- got off my butt and made an icon out of 11-greats-grandma's kickass oldskool Puritan-goth headstone (check it out, above! am I grim and seventeenth-century or what? [I'm serious, she was actually a Puritan.])
- got a letter from Katy from Baghdad (on a really cool Catwoman airmail blank) in which she is cheerful, herself, and not being shot at
- the fact that I cleaned the tub the other day means that I can take a nice long hot bath in there now without fear of The Gunge
- when I get out of said bath, Juanita will be waiting for me with her thick-n-thirsty terrycloth self
- the fact that they had the bar overstaffed meant that in the dinner rush I didn't have to run more than twice
- Dave called me to let me know he was leaving school at 9 pm, and to see if I'd made the bus, and just to chat a little because he likes me, isn't that nice?

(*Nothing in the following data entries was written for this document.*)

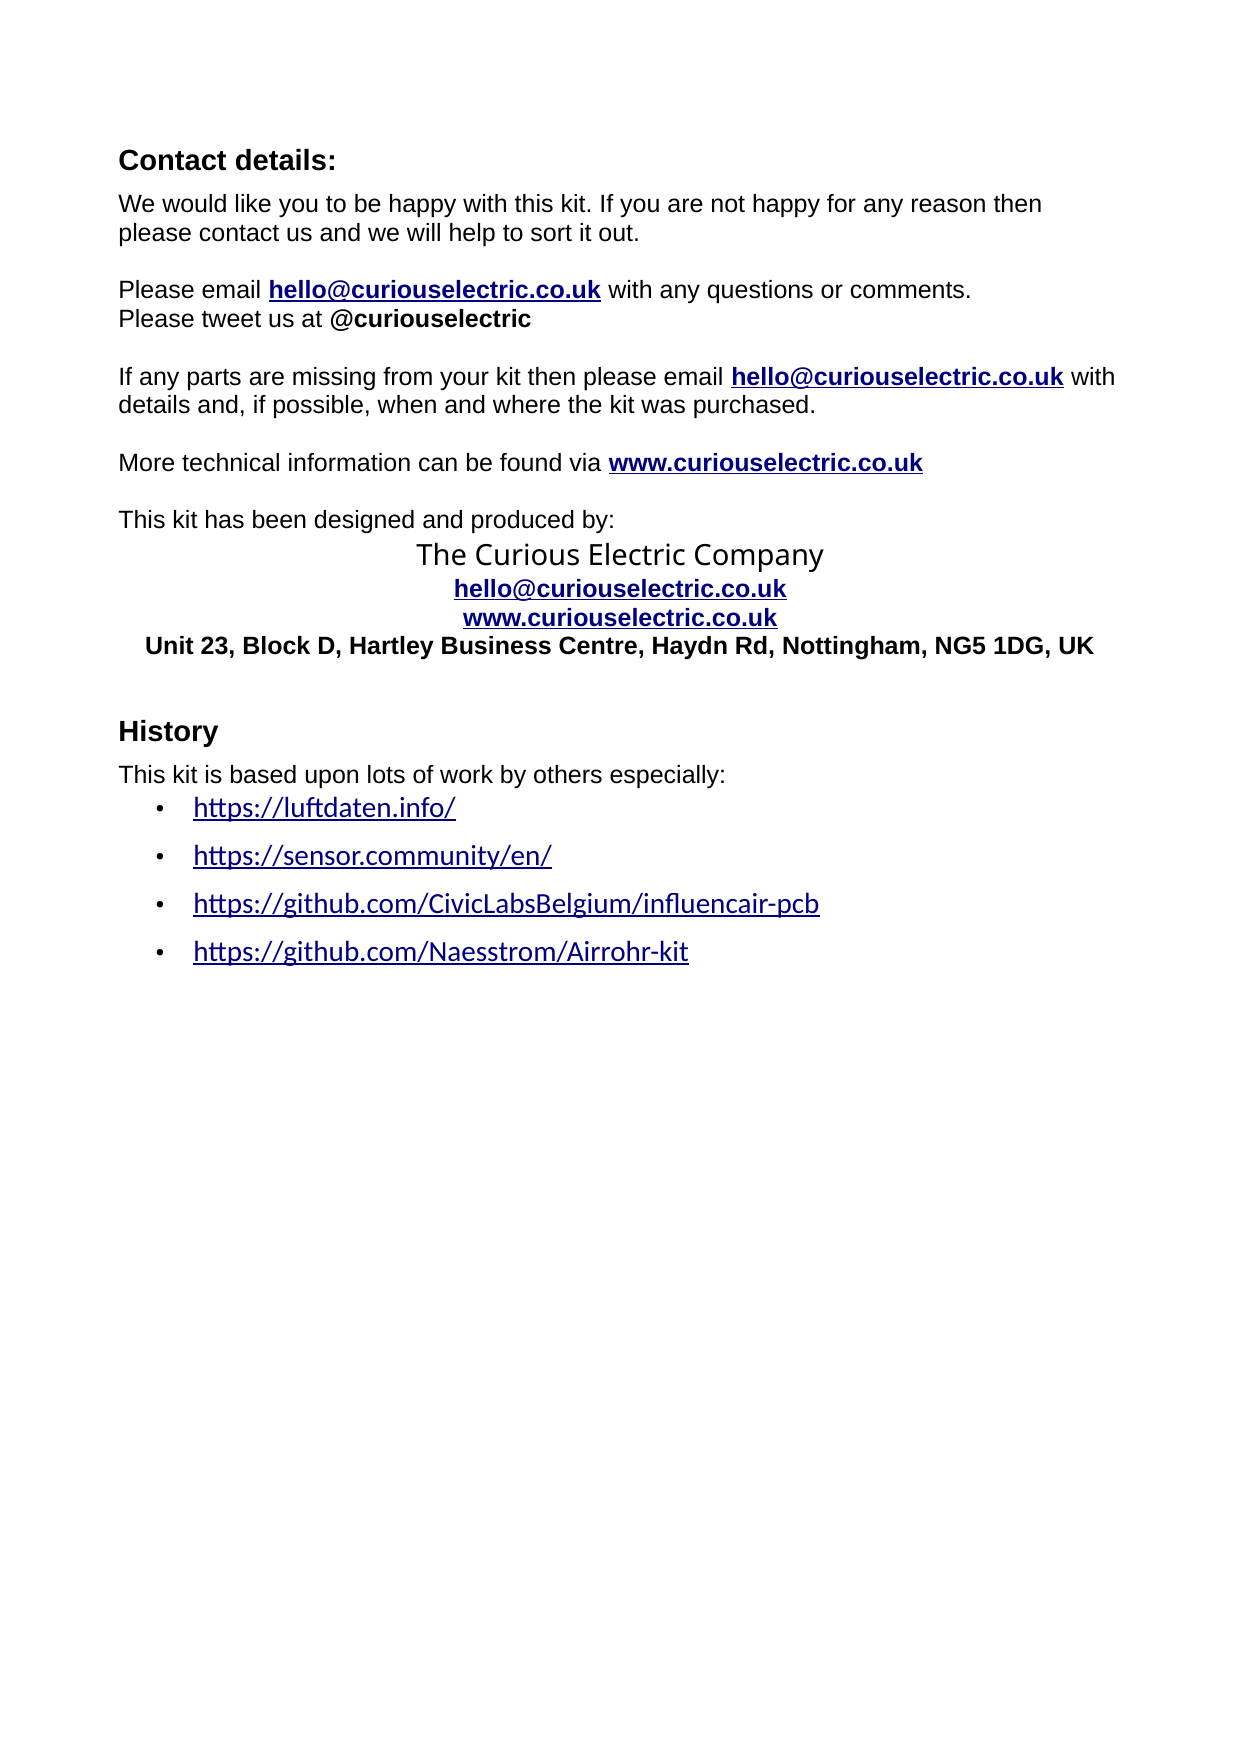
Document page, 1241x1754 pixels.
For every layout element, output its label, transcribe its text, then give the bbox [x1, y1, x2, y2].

subtitle History [118, 714, 1122, 747]
text This kit is based upon lots of work by others especially: [118, 760, 1122, 789]
list https://sensor.community/en/ [156, 837, 1122, 872]
subtitle Contact details: [118, 143, 1122, 177]
text If any parts are missing from your kit then please email hello@curiouselectric.co.uk with details and, if possible, when and where the kit was purchased. [118, 362, 1122, 419]
text Please tweet us at @curiouselectric [118, 304, 1122, 333]
text The Curious Electric Company [118, 534, 1122, 574]
text Unit 23, Block D, Hartley Business Centre, Haydn Rd, Nottingham, NG5 1DG, UK [118, 631, 1122, 660]
list https://github.com/CivicLabsBelgium/influencair-pcb [156, 885, 1122, 921]
text This kit has been designed and produced by: [118, 505, 1122, 534]
list https://luftdaten.info/ [156, 789, 1122, 824]
text More technical information can be found via www.curiouselectric.co.uk [118, 448, 1122, 477]
text hello@curiouselectric.co.uk [118, 574, 1122, 603]
text We would like you to be happy with this kit. If you are not happy for any reason then please contact us and we will help to sort it out. [118, 189, 1122, 247]
text www.curiouselectric.co.uk [118, 603, 1122, 631]
text Please email hello@curiouselectric.co.uk with any questions or comments. [118, 275, 1122, 304]
list https://github.com/Naesstrom/Airrohr-kit [156, 933, 1122, 969]
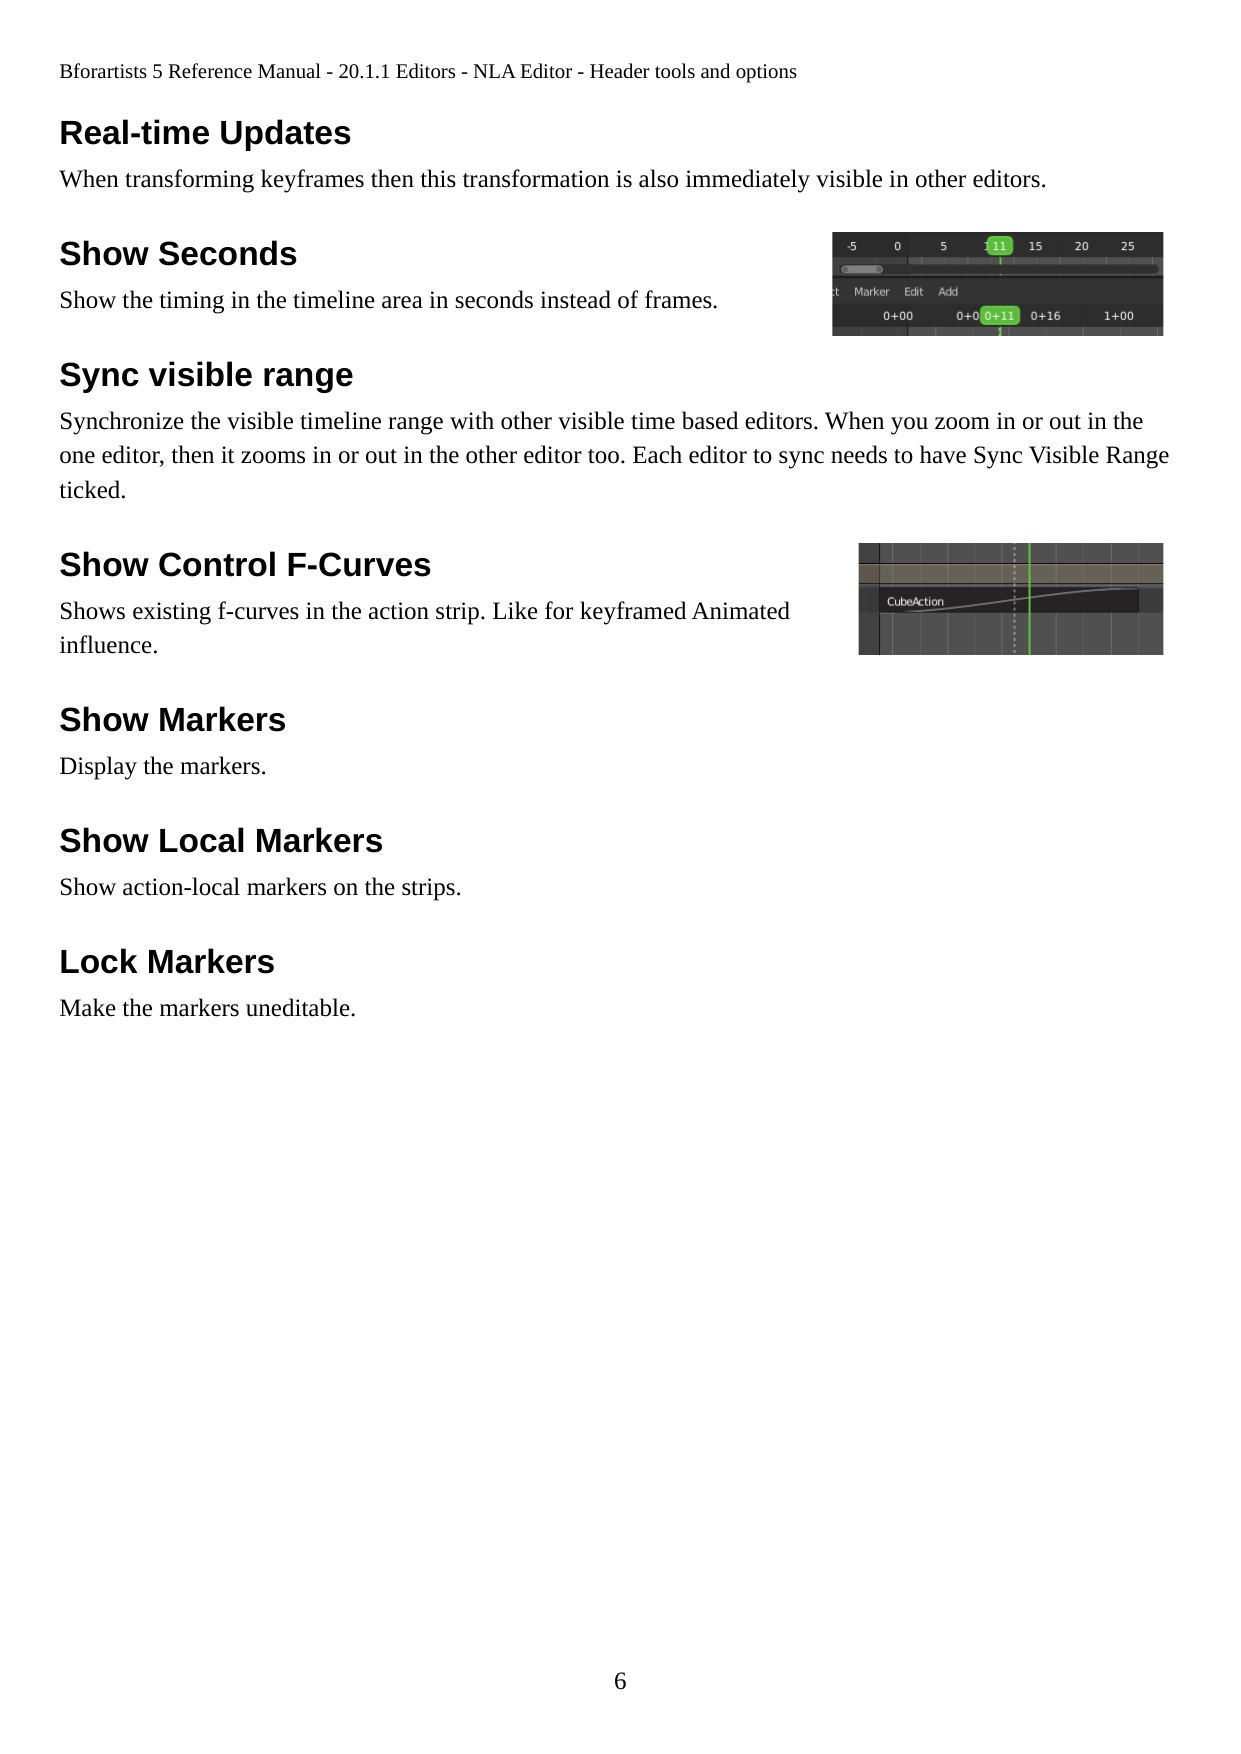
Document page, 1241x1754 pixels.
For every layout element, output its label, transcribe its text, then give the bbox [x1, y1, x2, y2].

picture [858, 543, 1164, 655]
subtitle Show Markers [59, 700, 1181, 739]
text Show action-local markers on the strips. [59, 872, 1181, 901]
text Show the timing in the timeline area in seconds instead of frames. [59, 285, 832, 313]
subtitle [1164, 234, 1181, 272]
picture [832, 232, 1164, 336]
subtitle Sync visible range [59, 355, 1181, 393]
subtitle Show Control F-Curves [59, 545, 858, 583]
subtitle Show Seconds [59, 234, 832, 272]
subtitle Real-time Updates [59, 113, 1181, 151]
text Synchronize the visible timeline range with other visible time based editors. When you zoom in or out in the one editor, then it zooms in or out in the other editor too. Each editor to sync needs to have Sync Visible Range ticked. [59, 406, 1181, 503]
text Display the markers. [59, 751, 1181, 780]
subtitle Show Local Markers [59, 821, 1181, 860]
text Make the markers uneditable. [59, 993, 1181, 1022]
subtitle Lock Markers [59, 942, 1181, 981]
subtitle [1164, 545, 1181, 583]
text Shows existing f-curves in the action strip. Like for keyframed Animated influence. [59, 596, 1181, 659]
text When transforming keyframes then this transformation is also immediately visible in other editors. [59, 164, 1181, 192]

- Dave's cousin has an easy-money IT do-in-a-weekend kinda jobbie for him to do for money, oh my
- Dave's same cousin may well have some more fairly-easy-money consulting gigs in future for Dave to do, for money, can you imagine? Money! Praise the lord and Dave's cousin
- when I came home, one of my daffodils was blooming in the front yard, and there will soon be three more!
- I get paid tomorrow woohoo!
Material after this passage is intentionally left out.